WHEN I leisurely recall some of my early passions, two of those distinctly stand out: my hunger for milk and my love for mongrels. While the first one now is over like youth, the second one still persists, reminding me often of my pastoral childhood. Whenever I left home to inspect some field work, or just moved along the village canal, some six or seven dogs would run ahead of me to herald the arrival of the little master. Indeed, 60 years ago I could call myself the master of all that I saw and surveyed — our sprawling family fields, our numerous mango trees and the vast tracts of shrubbery that we sold to the migrant milkmen from the high mountains.

Even now when I live far away from the primitive hamlet in Pathanti, the cultural belt around Pathankot, my doggy passion hasn’t abated. As I stand in the balcony I see at least two or three mangy mongrels sleeping at the gate. They have no settled home or diet but somehow they do know that a temporary shelter is no problem. Whenever a pedigreed cousin passes by, they just lift their nozzles and realise that even among dogs there are haves and have nots.

Recently we came across some haves in Singapore. We saw them always leashed even in early mornings when they were out for a little contact with nature. A couple of Chinese ladies I always found carrying polythene bags and brushes while walking their dogs. I noticed how meticulously they cleaned up the mess and blessed their pets. We saw plenty of poms and labs — and dozens of house cats — but no lean and hungry street dog. Even in Kuala Lumpur we saw no stray quadrupeds. It was in Bangkok that we found one brownie merrily resting outside a department store. Looked like home.

Those five weeks that we spent combing the malls didn’t remind us of home as did the sight of that brown fellow. They were five silent weeks during which we heard neither a harsh canine snarl nor a throaty protest. No wild bark ever ruptured our sleep or made us curious about the usual doggy brawl at night.

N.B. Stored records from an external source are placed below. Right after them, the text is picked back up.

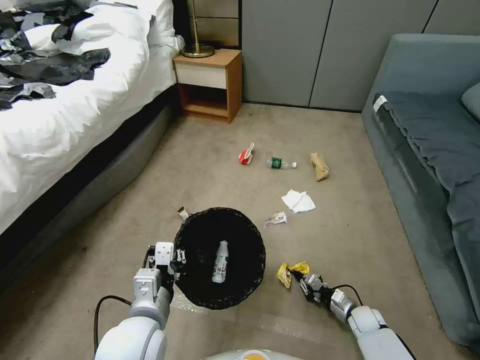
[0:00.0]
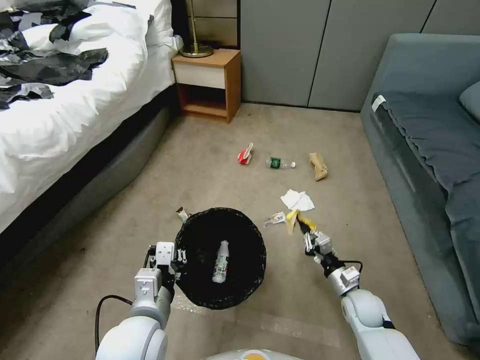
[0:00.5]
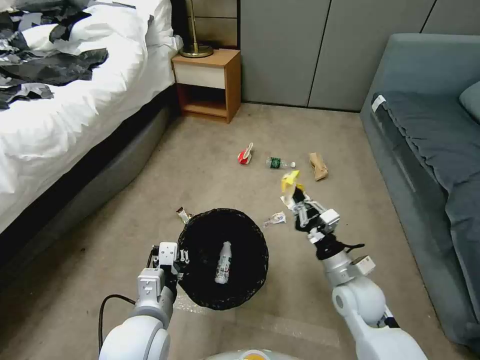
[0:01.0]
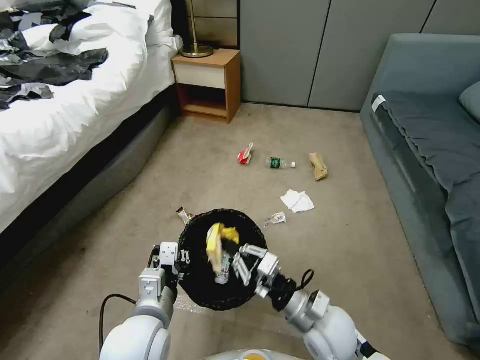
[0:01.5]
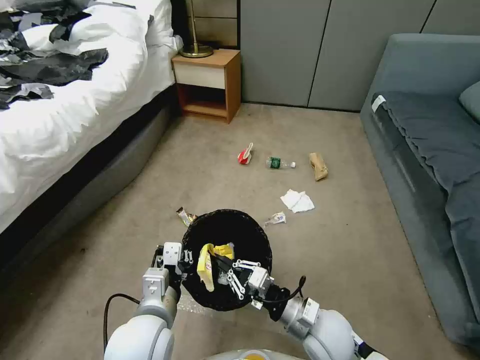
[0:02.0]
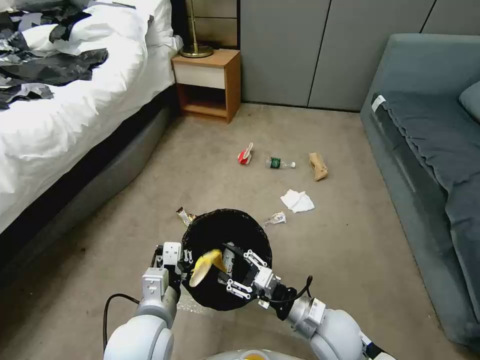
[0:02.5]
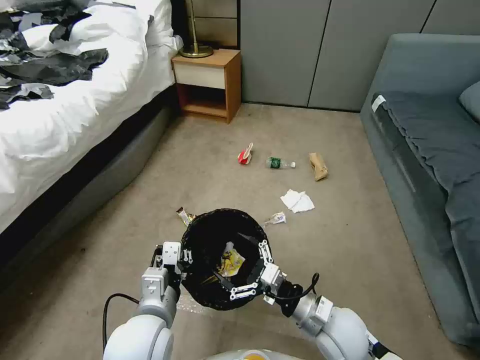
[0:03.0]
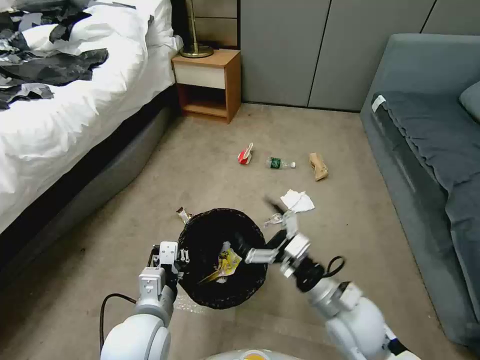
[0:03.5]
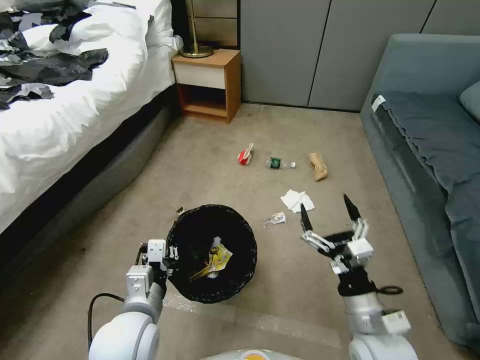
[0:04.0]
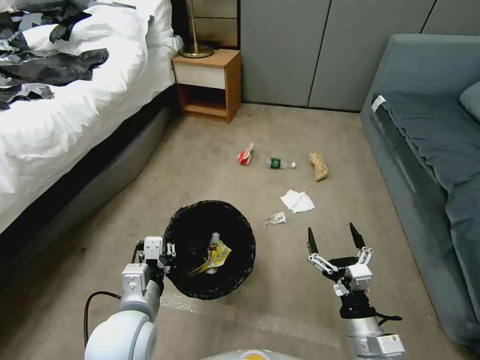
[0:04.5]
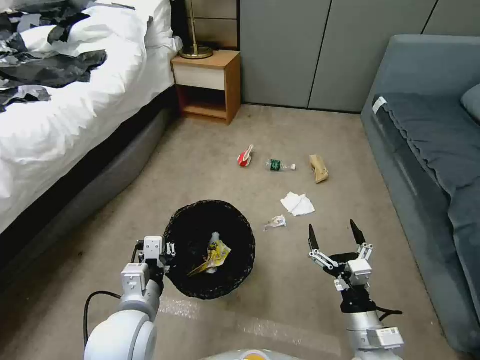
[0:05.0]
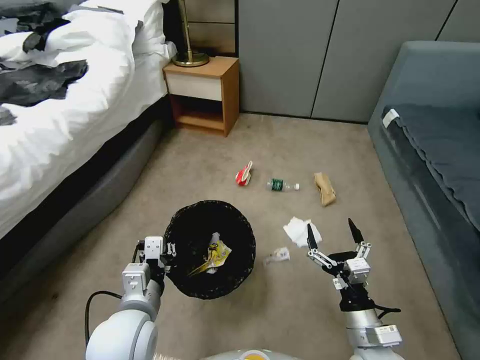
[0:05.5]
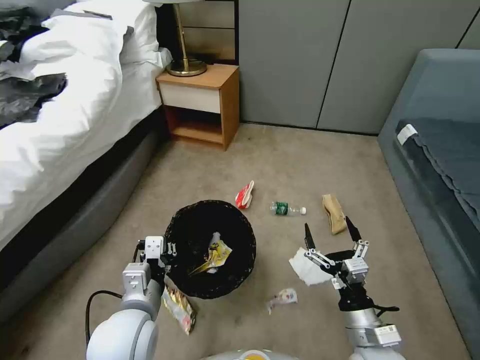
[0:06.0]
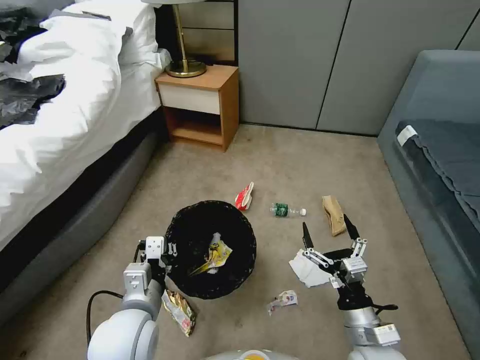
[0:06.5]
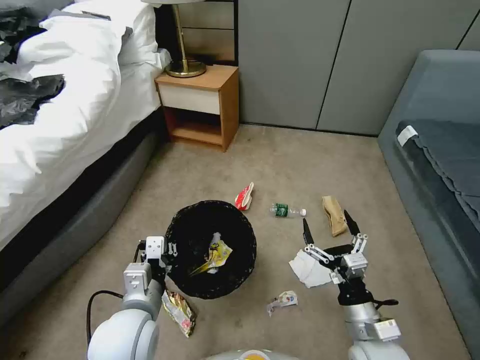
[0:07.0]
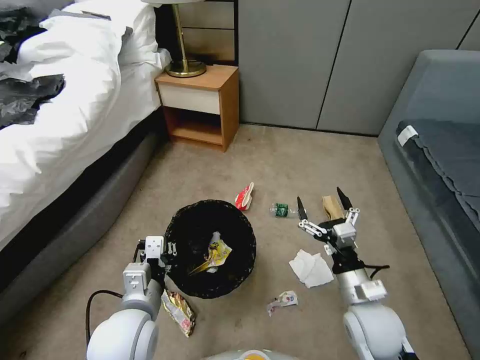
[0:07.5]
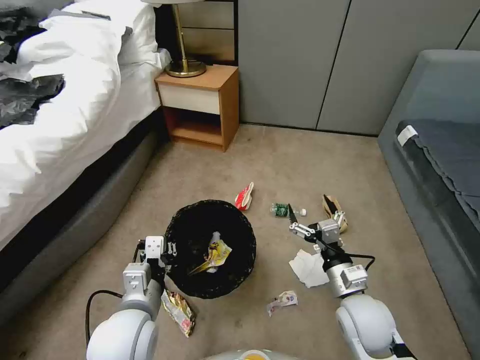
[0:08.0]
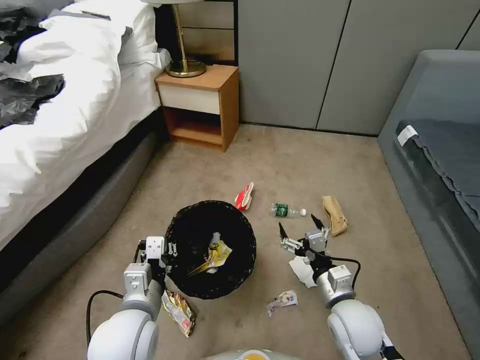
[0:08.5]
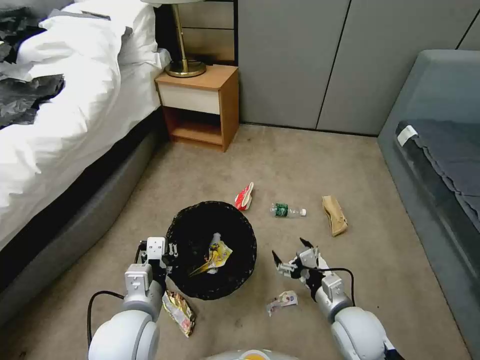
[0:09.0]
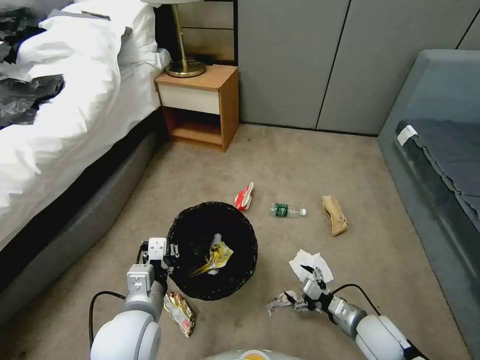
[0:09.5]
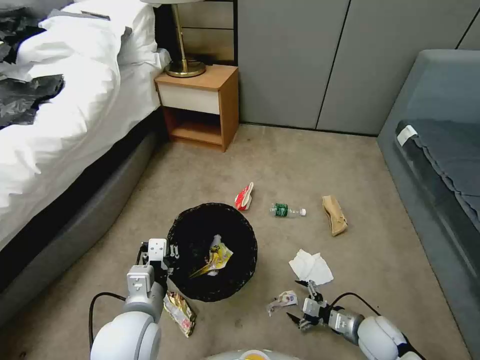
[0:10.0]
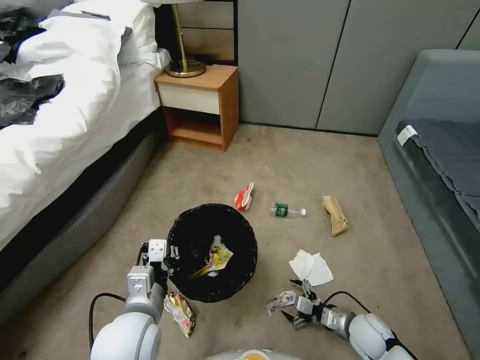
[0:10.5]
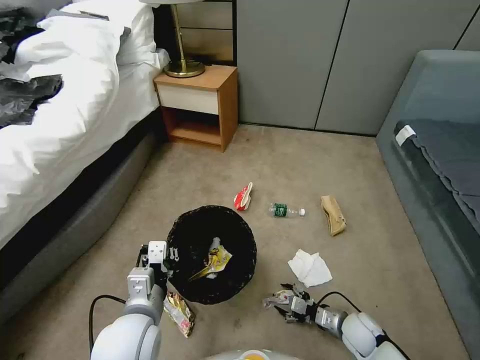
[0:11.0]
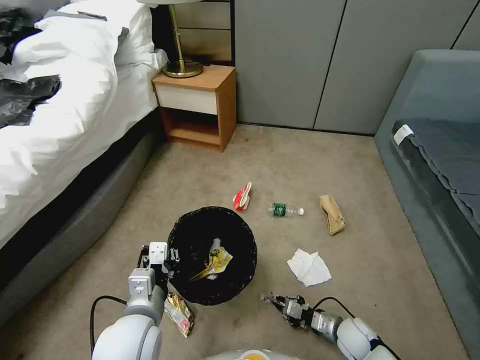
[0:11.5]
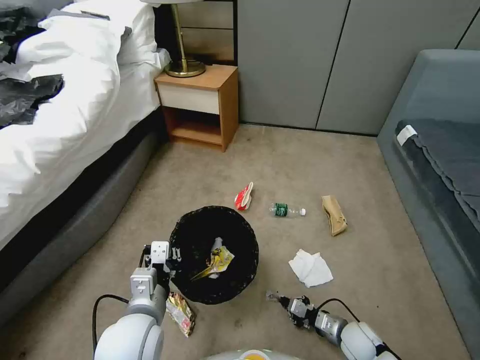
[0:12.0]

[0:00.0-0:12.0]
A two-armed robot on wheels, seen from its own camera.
Task of the whole recording: Pick up the trash bin, then pick up the garbage from the floor and place it into the trash bin.
0:00.0 to 0:02.0: The right gripper travels upward and to the left by about 30 cm.
0:02.0 to 0:04.0: The right gripper is displaced to the right and upward by roughly 10 cm, and opens.
0:04.0 to 0:06.0: The right gripper moves roughly 5 cm.
0:06.0 to 0:08.0: The right gripper travels forward by roughly 10 cm.
0:08.0 to 0:10.0: The right gripper moves downward and to the right, some 20 cm.
0:10.0 to 0:12.0: The right gripper moves downward, some 5 cm, and closes up.

And that is precisely what happened that night in Vasant Kunj, at our niece’s home in Delhi. After the Singapore summer we were yearning to enjoy the wintry comfort at night when suddenly at midnight a dog in the neighbourhood announced his presence. A moment later a few of his rivals in the area heard the message and assured him of company. In between we heard some human voices trying to quell the uproar through threats as well as persuasion. This nocturnal interaction between men and beasts lasted for a while, assuring us that we were certainly back home. We felt further assured that with such voluntary and vigilant watchmen at night our homes and streets would be ever secure. The ones with pampered pets often lament that when it is time for their sentinels to be alert, they are invariably asleep. It is the homeless, street dogs — the have nots — that sleep during the day for a constant vigil at night.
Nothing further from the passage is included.